1.1. Background
Sierra Leone is a lower-income agrarian economy situated in West Africa, bordered by Guinea, Liberia, and the Atlantic Ocean. In 2020, the African Development Bank ranked Sierra Leone 46th out of the 54 sub-Saharan African countries on the Africa Infrastructure Development Index and 44th on the Electricity Index [
1]. Similarly, in the United Nations 2020 Human Development Index, it ranked 181st out of 191 [
2]. Sierra Leone is one of the most electricity-poor countries throughout sub-Saharan Africa, with the country’s energy needs remaining largely unserved [
3]. The supply of electricity is historically intermittent and unreliable, with frequent electricity blackouts. Additionally, around 5 million people were without access to electricity in 2019 [
4]. The electricity sector experiences a substantial demand and supply gap, plagued by distribution losses reaching up to 50% [
5]. Results from the 2018 household survey indicated that poverty is still high across Sierra Leone, particularly in rural areas, with 10.8% of the population living in extreme poverty and 57% in poverty [
6].
Sierra Leone’s energy system advancement and development was severely impacted by national events, including the Ebola disease outbreak [
7]. Additionally, global events such as the COVID-19 pandemic, the rapid iron ore price decline, and the Russian invasion of Ukraine are further inhibiting energy system supply, investments, and clean energy technological expansion [
8,
9]. These external shocks remain key barriers experienced by Sierra Leone in its electrification and energy advancements efforts.
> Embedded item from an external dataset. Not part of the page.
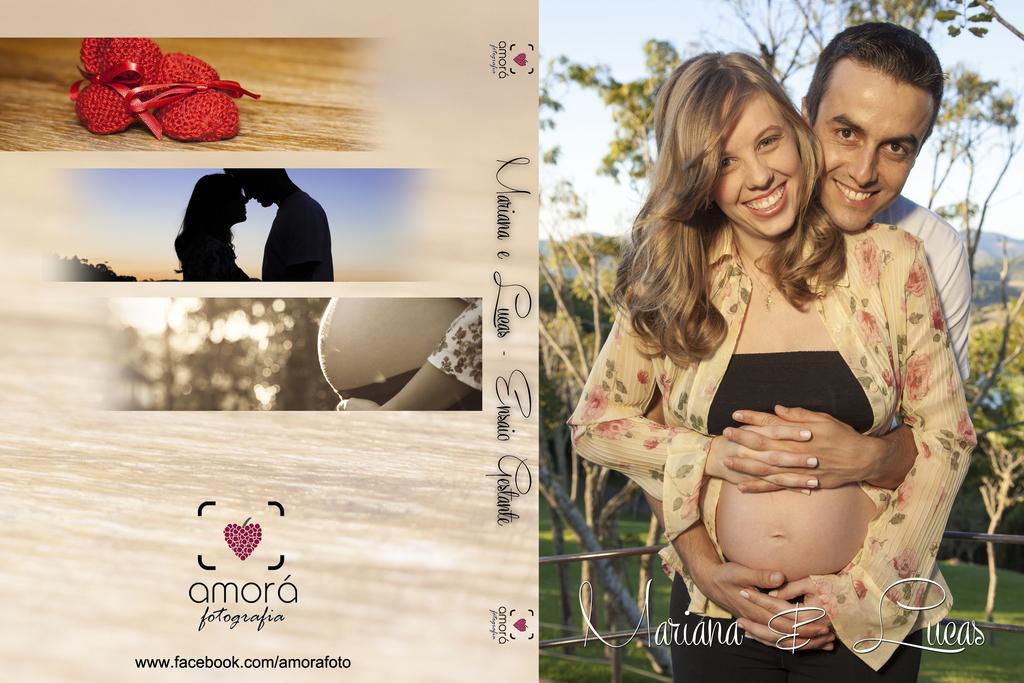In one or two sentences, can you explain what this image depicts? This is an edited image, in this image on the right side there are two persons who are standing and smiling and in the background there are trees. On the left side there are two persons and some other objects and also there is some text. 
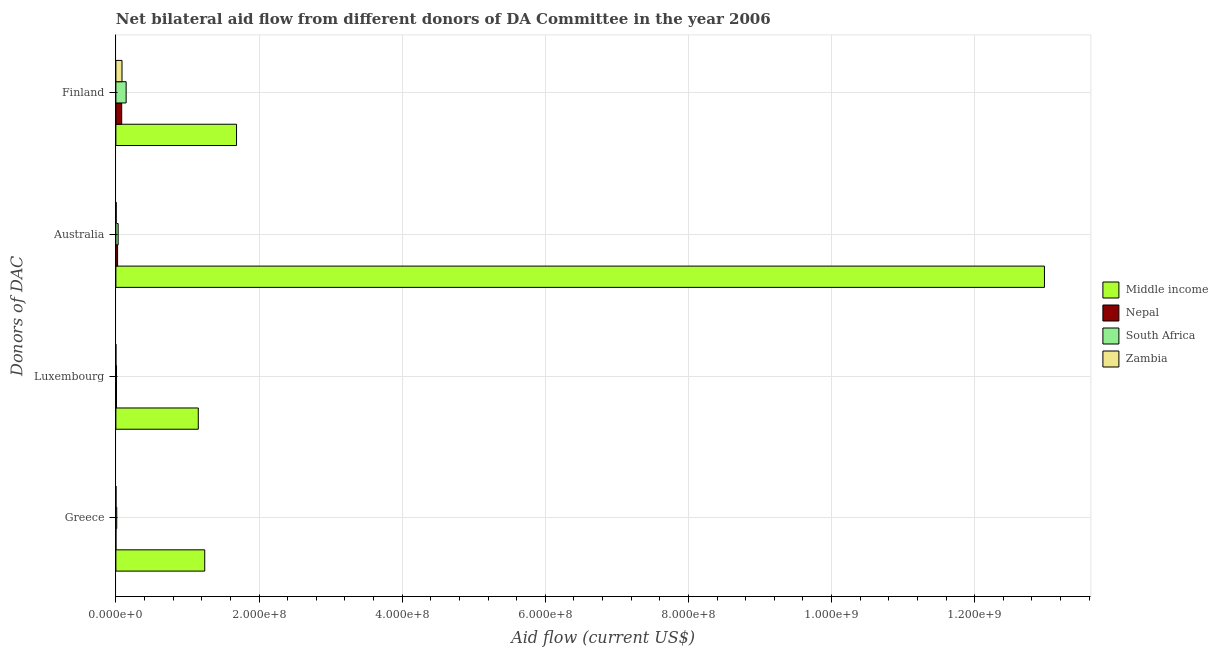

Sierra Leone has a series of ambitious and thorough development goals, spearheaded by its ‘Vision 2039 statement’, which aspires to gain middle-income country status by 2039, launched alongside the latest medium-term national development plan 2024–2030 [
10]. The main goals include accelerating agricultural development, expanding free education, increasing safe water access, and diversifying the economy. Energy sector goals include providing reliable and affordable power through consolidation, improvement, and expansion [
11]. To achieve this, a domestic budget allocation of 15.6 million US dollars (USD) was assigned to distribution network improvements, plant upgrades, and increased electricity generation alongside working with international partners and foreign direct investors.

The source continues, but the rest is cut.